Fearing the Dark: The Horror Films of Val Lewton
In 2005 Turner Home Entertainment released a box set of nine films from producer Val Lewton. Producers don’t usually get singled out for their influence on films and no other producer has had his work packaged in a box set. That all the films in this collection were made as “B” horror pictures is a remarkable testament to what can be done when the right person has a vision that can be put onto film. That a producer could have such an influence on his films speaks to the creative genius of Val Lewton.
After apprenticing under David O. Selznick and working on such films as Gone with the Wind, Rebecca, and King Kong, Lewton was hired by RKO to head its horror film unit. RKO had been essentially bankrupted by Orson Wells’ Citizen Kane and The Magnificent Ambersons and wanted cheaply produced films to compete with the popular Universal Pictures horror films. Lewton worked from a budget of $150,000, a running time limit of 75 minutes, shooting schedules of only three weeks, and had to use pre-tested titles that were given to him by the studio. Other than that, he was free to do what he wanted. For this he was paid $250 a week.
Lewton’s attitude was that he was going to give them something different from the “monster movies” they were expecting – he was going to do the kind of suspense movies he liked and produce “A” quality pictures in his style.
Lewton developed stories for his films then handed them over to the scriptwriters. After the first draft his team would assemble to brainstorm and critique the script. Lewton would then re-write the scripts, never taking credit away from the original writers (although he did use an assumed name on some of the films). Lewton was involved in every aspect of the film’s production: casting, locations, wardrobes, set design, and lighting. Once filming began he never interfered with the director, letting him shoot the film and direct the actors the way he thought best.
Lewton may have had limited budgets and shooting schedules but he did have the use of RKO’s back lots and sets as well as the studio’s stable of contract players. For his first films he hired friend Jacques Tourneur to direct and recruited editors Robert Wise and Mark Robson, both of whom worked on Citizen Kane and The Magnificent Ambersons. He also hired cinematographer Nicholas Musuraca who was schooled in the German Expressionist style that was perfectly suited to Lewton’s films.
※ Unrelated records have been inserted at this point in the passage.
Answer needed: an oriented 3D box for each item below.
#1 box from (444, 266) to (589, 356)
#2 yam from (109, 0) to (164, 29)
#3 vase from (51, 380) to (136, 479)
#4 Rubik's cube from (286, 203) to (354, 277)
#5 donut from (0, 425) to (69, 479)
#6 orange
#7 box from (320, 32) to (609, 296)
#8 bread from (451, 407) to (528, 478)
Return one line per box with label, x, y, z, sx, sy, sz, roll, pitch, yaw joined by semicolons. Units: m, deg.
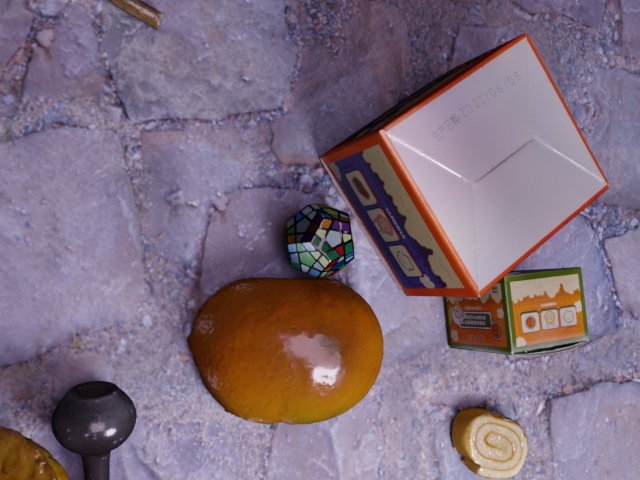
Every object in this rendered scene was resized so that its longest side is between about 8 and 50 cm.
box;0.356;0.130;1.330;0.178;0.195;0.148;-6;89;-25
yam;-0.323;-0.393;1.165;0.145;0.032;0.032;30;75;-18
vase;-0.334;0.306;1.069;0.120;0.120;0.183;-3;101;-24
Rubik's cube;0.000;0.000;1.231;0.133;0.133;0.112;-25;72;-23
donut;-0.450;0.385;0.965;0.278;0.108;0.277;-1;78;5
orange;-0.035;0.182;1.216;0.310;0.274;0.274;16;78;-53
box;0.248;-0.120;1.271;0.349;0.257;0.318;-37;99;-21
bread;0.323;0.387;1.362;0.149;0.073;0.122;18;81;-21
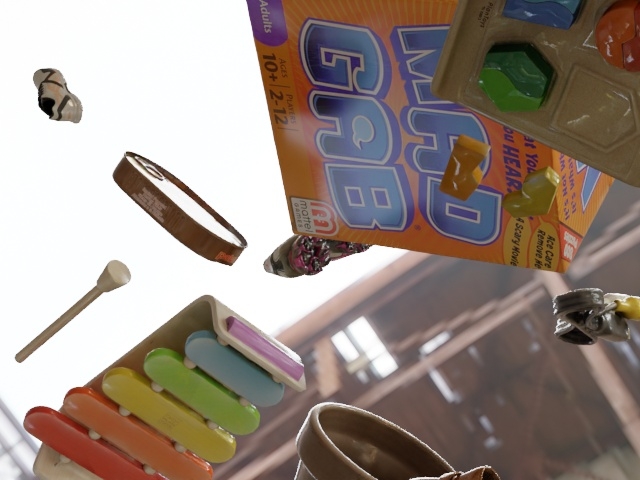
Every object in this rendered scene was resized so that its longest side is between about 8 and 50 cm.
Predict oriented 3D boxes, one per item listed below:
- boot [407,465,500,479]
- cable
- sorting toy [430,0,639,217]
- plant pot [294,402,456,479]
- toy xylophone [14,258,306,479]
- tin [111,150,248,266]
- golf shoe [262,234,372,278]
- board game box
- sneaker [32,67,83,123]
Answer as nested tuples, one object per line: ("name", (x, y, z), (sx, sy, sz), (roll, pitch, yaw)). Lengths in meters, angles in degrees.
("boot", (0.135, 0.416, 2.050), (0.220, 0.109, 0.283), (-24, -128, 32))
("cable", (0.351, 0.088, 2.297), (0.139, 0.072, 0.287), (-8, 163, 28))
("sorting toy", (0.214, -0.128, 1.555), (0.041, 0.229, 0.307), (-58, 168, -48))
("plant pot", (0.046, 0.397, 2.478), (0.229, 0.263, 0.263), (-59, -170, 14))
("toy xylophone", (-0.176, 0.151, 1.735), (0.322, 0.236, 0.081), (-46, -156, 35))
("tin", (-0.161, -0.035, 1.953), (0.040, 0.190, 0.106), (-52, 151, 6))
("golf shoe", (0.000, 0.000, 2.301), (0.086, 0.067, 0.186), (-10, -171, 43))
("board game box", (0.167, -0.227, 2.066), (0.356, 0.356, 0.356), (9, -140, 25))
("sneaker", (-0.333, -0.182, 2.133), (0.044, 0.040, 0.109), (-4, -145, -36))
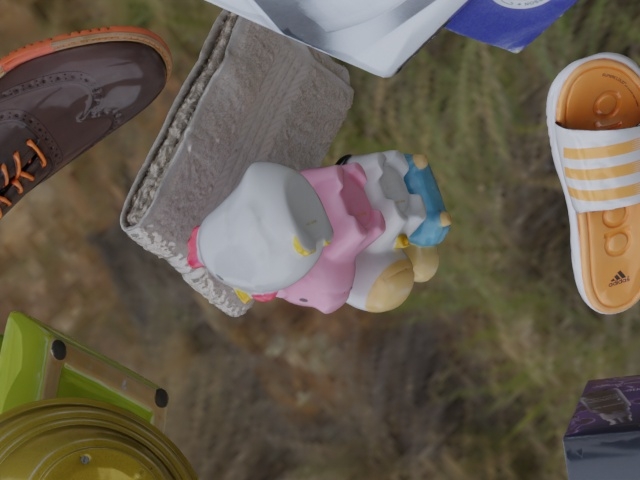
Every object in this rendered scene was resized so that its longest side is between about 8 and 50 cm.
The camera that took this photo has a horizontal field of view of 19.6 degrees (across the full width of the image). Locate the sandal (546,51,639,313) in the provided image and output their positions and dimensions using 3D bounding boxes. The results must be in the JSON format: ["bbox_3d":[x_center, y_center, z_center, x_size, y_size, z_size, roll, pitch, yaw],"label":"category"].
[{"bbox_3d":[0.268,-0.039,1.622,0.076,0.102,0.265,-130,23,-57],"label":"sandal"}]

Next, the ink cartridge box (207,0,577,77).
[{"bbox_3d":[0.042,-0.143,0.636,0.224,0.045,0.223,19,143,-24],"label":"ink cartridge box"}]

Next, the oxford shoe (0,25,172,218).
[{"bbox_3d":[-0.216,-0.052,1.268,0.097,0.271,0.098,55,-171,-46],"label":"oxford shoe"}]

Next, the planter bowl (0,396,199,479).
[{"bbox_3d":[-0.167,0.206,1.325,0.217,0.217,0.090,48,152,2],"label":"planter bowl"}]

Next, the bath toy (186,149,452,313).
[{"bbox_3d":[0.000,0.000,1.680,0.129,0.348,0.151,-22,83,27],"label":"bath toy"}]

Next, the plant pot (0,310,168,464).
[{"bbox_3d":[-0.261,0.191,1.561,0.207,0.228,0.227,-11,150,33],"label":"plant pot"}]

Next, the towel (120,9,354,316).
[{"bbox_3d":[-0.071,-0.085,1.760,0.049,0.282,0.187,8,156,41],"label":"towel"}]

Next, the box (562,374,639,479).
[{"bbox_3d":[0.326,0.204,1.784,0.153,0.207,0.108,-7,99,15],"label":"box"}]
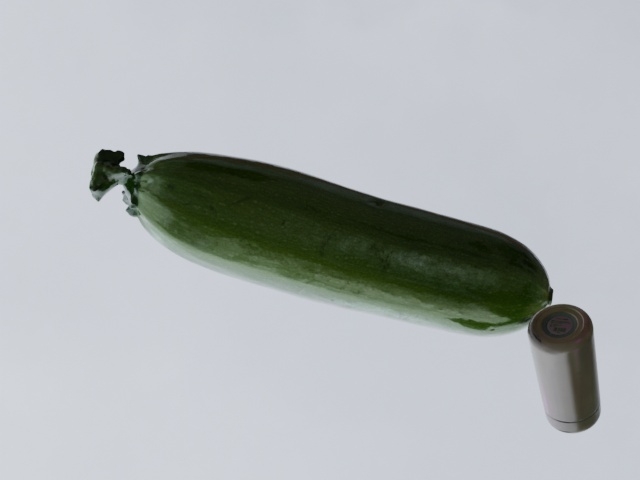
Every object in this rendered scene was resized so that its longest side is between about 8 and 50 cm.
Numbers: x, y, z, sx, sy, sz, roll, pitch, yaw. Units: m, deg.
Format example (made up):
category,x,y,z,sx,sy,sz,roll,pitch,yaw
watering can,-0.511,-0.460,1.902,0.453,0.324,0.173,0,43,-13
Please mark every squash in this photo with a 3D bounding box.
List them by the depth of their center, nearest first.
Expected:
category,x,y,z,sx,sy,sz,roll,pitch,yaw
squash,0.000,0.000,1.427,0.379,0.101,0.101,15,-140,-3

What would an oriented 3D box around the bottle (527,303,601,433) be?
category,x,y,z,sx,sy,sz,roll,pitch,yaw
bottle,0.171,0.091,1.253,0.045,0.045,0.096,-90,-10,-47

Lewton’s ideas for horror started with a dislike for what he called “monster movies.” “Monster movies” like the ones made by Universal Pictures who Lewton called “The goon school of horror movies.” He eliminated as many clichés of the horror genre as possible while keeping some of the recognizable conventions required for a successful horror film. Lewton did have an appreciation for the horror classics Dracula, Frankenstein, and Dr. Jekyl and Mr. Hyde, but was drawn more to the gothic novels and ghost stories of Victorian England that placed an emphasis on the “unseen terror.” Lewton combined romance, suspense, mystery, and murder with characters that were intense, psychologically complicated, melancholy, reflective, and pessimistic. His characters are versions of the classic noir protagonist: alienated, obsessive, and doomed.
By today’s standards these films would seem remarkably harmless and lacking in horror. But they are illustrative of the difference between horror and terror, the difference between revulsion and fear, between the seen and the unseen. The psychological depth of the films was unheard of in films of that era – especially in the horror genre. The characters do not run from the darkness but are instead drawn to it. They seek answers in the unknown despite the unease, dread, and terror inside them. And it is this terror, elusive and mysterious, that we are drawn to. “If you make the screen dark enough,” said Lewton, “the mind’s eye will read into it anything you want.”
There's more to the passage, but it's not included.